I appreciatively acknowledge the time, care, and energy that the members of my dissertation committee have devoted to me and my studies: my supervisor and committee chair Adrian Johnston, John Taber, Brent Kalar, Iain Thomson, and Shannon Mussett. It’s been my good fortune to learn as much as I have from each of you.
With deep gratitude I acknowledge the Bilinski Educational Foundation and the University of New Mexico College of Arts & Sciences for a Russell J. and Dorothy S. Bilinski Fellowship in the Humanities. Joann Comerford in the Office of the Dean, College of Arts & Sciences, as well as Professor Pamela Cheek and Professor Anita Obermeier, co-chairs of the Bilinski Committee, deserve special recognition.
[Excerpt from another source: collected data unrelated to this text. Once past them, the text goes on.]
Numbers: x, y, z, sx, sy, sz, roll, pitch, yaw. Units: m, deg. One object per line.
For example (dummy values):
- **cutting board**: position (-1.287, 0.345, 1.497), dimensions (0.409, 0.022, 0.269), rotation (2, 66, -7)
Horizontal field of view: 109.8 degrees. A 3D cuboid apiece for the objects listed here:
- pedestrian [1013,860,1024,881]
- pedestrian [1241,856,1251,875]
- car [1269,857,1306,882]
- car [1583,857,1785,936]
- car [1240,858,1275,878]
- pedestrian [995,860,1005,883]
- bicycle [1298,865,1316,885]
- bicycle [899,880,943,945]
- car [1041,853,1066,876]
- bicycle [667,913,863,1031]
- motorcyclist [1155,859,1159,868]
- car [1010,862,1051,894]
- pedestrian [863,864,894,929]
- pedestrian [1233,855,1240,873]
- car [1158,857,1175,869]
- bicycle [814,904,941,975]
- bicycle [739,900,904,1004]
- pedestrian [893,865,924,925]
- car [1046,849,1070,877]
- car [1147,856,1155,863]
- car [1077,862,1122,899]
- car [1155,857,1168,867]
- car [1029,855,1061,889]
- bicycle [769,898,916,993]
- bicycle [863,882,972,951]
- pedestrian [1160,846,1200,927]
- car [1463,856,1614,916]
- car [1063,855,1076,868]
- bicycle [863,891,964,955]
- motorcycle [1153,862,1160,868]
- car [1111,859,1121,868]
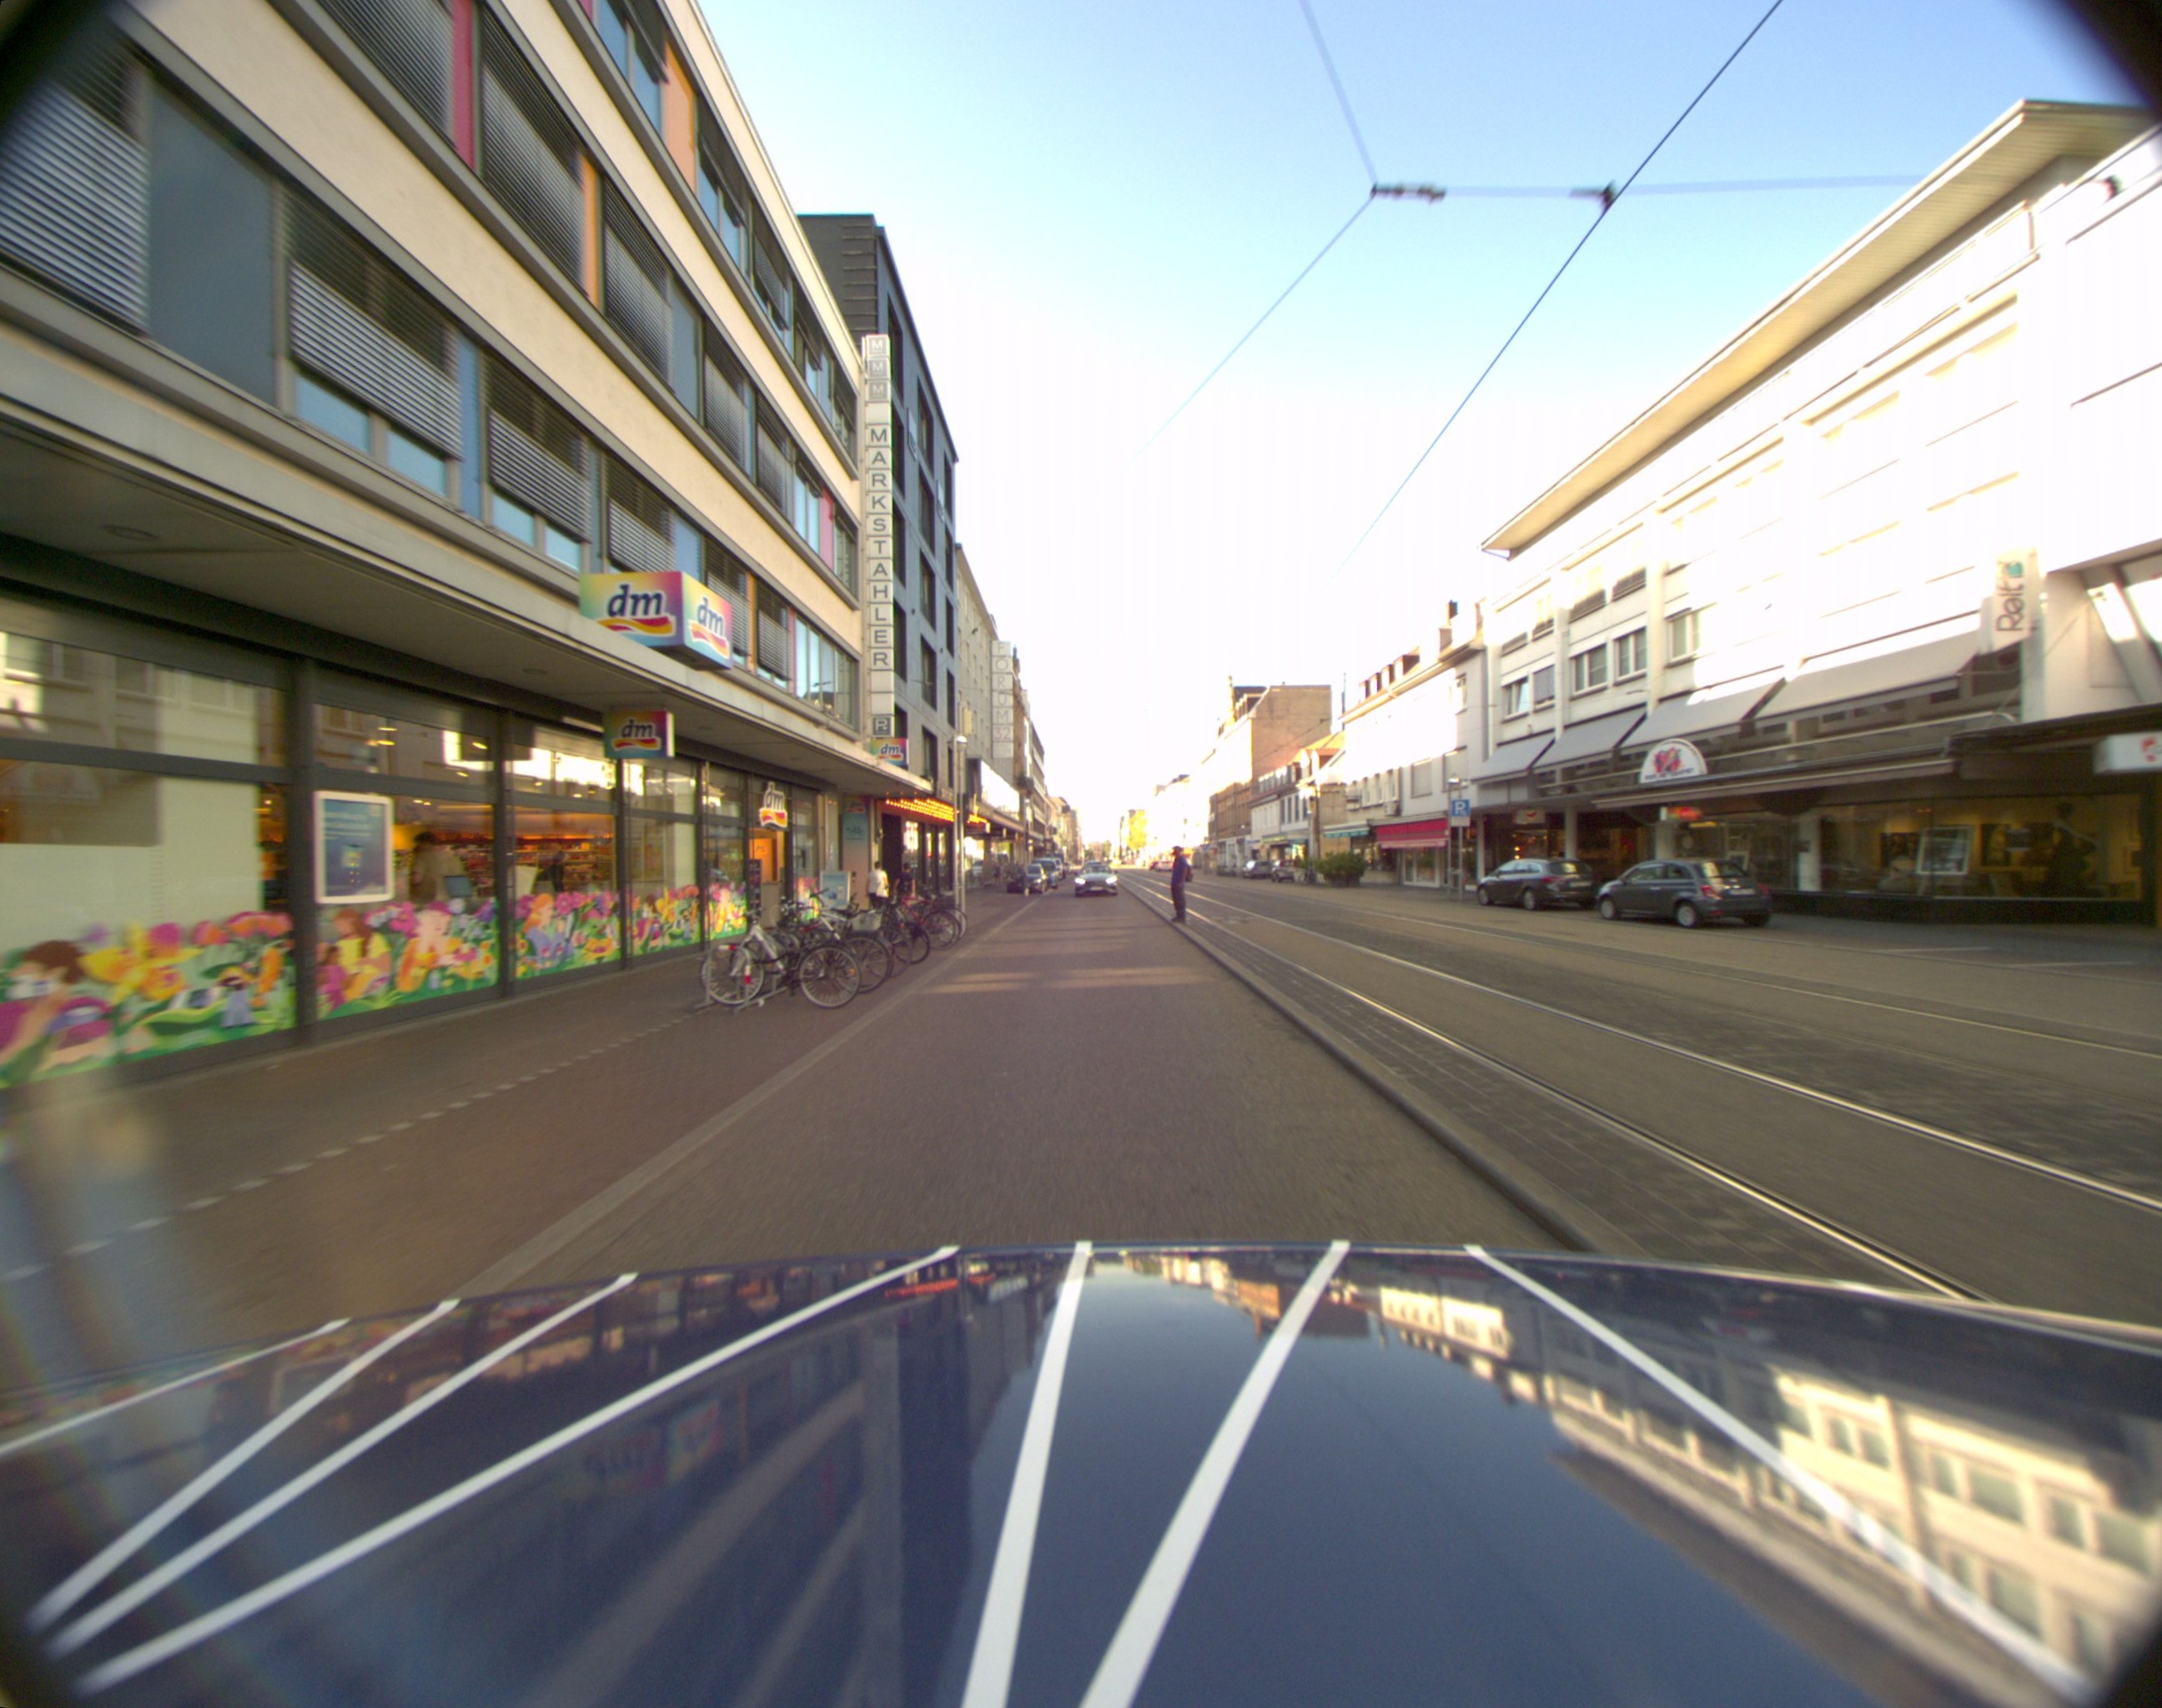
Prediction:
- **pedestrian**: position (-4.560, 1.196, 55.503), dimensions (0.697, 1.499, 0.814), rotation (-1, 0, 1)
- **pedestrian**: position (15.364, 1.078, 70.663), dimensions (0.658, 1.752, 0.581), rotation (-3, 1, -7)
- **car**: position (14.081, 1.050, 51.879), dimensions (1.701, 1.594, 2.891), rotation (-2, 0, 1)
- **car**: position (13.424, 0.874, 17.206), dimensions (1.605, 1.514, 3.589), rotation (-3, 0, -2)
- **car**: position (14.149, 1.076, 61.152), dimensions (1.822, 1.505, 4.763), rotation (-2, 0, 1)
- **pedestrian**: position (-5.159, 1.137, 48.417), dimensions (0.577, 1.431, 0.731), rotation (1, 1, 1)
- **bicycle**: position (13.297, 1.244, 44.774), dimensions (0.519, 1.084, 1.716), rotation (-3, 0, 1)
- **bicycle**: position (-3.347, 1.196, 15.991), dimensions (0.583, 1.250, 1.602), rotation (1, 0, -1)
- **car**: position (-2.381, 0.899, 65.683), dimensions (2.051, 1.899, 4.878), rotation (0, 0, -2)
- **bicycle**: position (-3.308, 1.221, 8.050), dimensions (1.792, 1.152, 0.669), rotation (0, 0, 0)
- **motorcyclist**: position (11.327, 1.422, 113.739), dimensions (0.540, 1.295, 0.655), rotation (1, 1, 1)
- **car**: position (-2.534, 1.165, 38.905), dimensions (1.726, 1.476, 4.416), rotation (1, 0, 1)
- **pedestrian**: position (-5.021, 1.038, 18.859), dimensions (0.583, 1.576, 0.598), rotation (1, 1, -1)
- **pedestrian**: position (15.511, 1.006, 75.960), dimensions (0.581, 1.795, 0.659), rotation (-3, 1, 13)
- **car**: position (11.470, 1.180, 102.112), dimensions (1.802, 1.625, 3.676), rotation (0, 0, 1)
- **bicycle**: position (-3.110, 1.305, 11.699), dimensions (1.778, 1.026, 0.597), rotation (0, 0, 0)
- **bicycle**: position (-3.165, 1.186, 9.373), dimensions (1.792, 1.210, 0.669), rotation (0, 0, 0)
- **pedestrian**: position (-4.344, 1.020, 19.174), dimensions (0.584, 1.485, 0.523), rotation (1, 1, -35)
- **car**: position (-2.151, 0.925, 72.551), dimensions (2.051, 2.485, 5.687), rotation (-3, -2, 0)
- **car**: position (16.635, 1.335, 181.853), dimensions (1.630, 1.524, 3.464), rotation (1, 0, 1)
- **car**: position (0.782, 1.131, 33.992), dimensions (1.858, 1.463, 4.786), rotation (-1, 0, 0)
- **car**: position (12.484, 1.207, 118.695), dimensions (1.667, 1.521, 4.000), rotation (0, 0, 1)
- **car**: position (-2.126, 1.023, 45.142), dimensions (1.821, 1.849, 4.549), rotation (0, 0, -3)
- **bicycle**: position (-3.180, 1.212, 10.228), dimensions (1.792, 1.210, 0.587), rotation (0, 0, 0)
- **bicycle**: position (-3.161, 1.202, 14.808), dimensions (2.043, 1.267, 0.524), rotation (0, 0, -9)
- **pedestrian**: position (2.287, 0.726, 17.583), dimensions (0.806, 1.827, 0.746), rotation (1, 1, -1)
- **car**: position (13.751, 0.889, 23.223), dimensions (1.741, 1.514, 4.852), rotation (-3, 0, 2)
- **car**: position (-1.494, 0.968, 100.640), dimensions (1.630, 1.543, 3.509), rotation (1, 0, 1)
- **bicycle**: position (-3.067, 1.264, 14.016), dimensions (1.778, 1.124, 0.478), rotation (0, 0, -4)
- **motorcycle**: position (11.335, 1.632, 113.681), dimensions (0.907, 0.987, 1.935), rotation (0, 0, 1)
- **car**: position (7.715, 2.075, 168.129), dimensions (1.998, 2.002, 4.000), rotation (-3, 0, 2)

In the Department of Philosophy, I sincerely thank Mary Domski, Ann Murphy, and Mercedes Nysus for invaluable support and assistance at various stages.
I gladly and gratefully acknowledge my whole family for their love, steadfastness, and interest, and for believing in me: my parents, my sister Julie and brothers Angelo and Pietro, aunts, uncles, and many cousins, and my grandparents who cared and prayed and looked out for me while they lived.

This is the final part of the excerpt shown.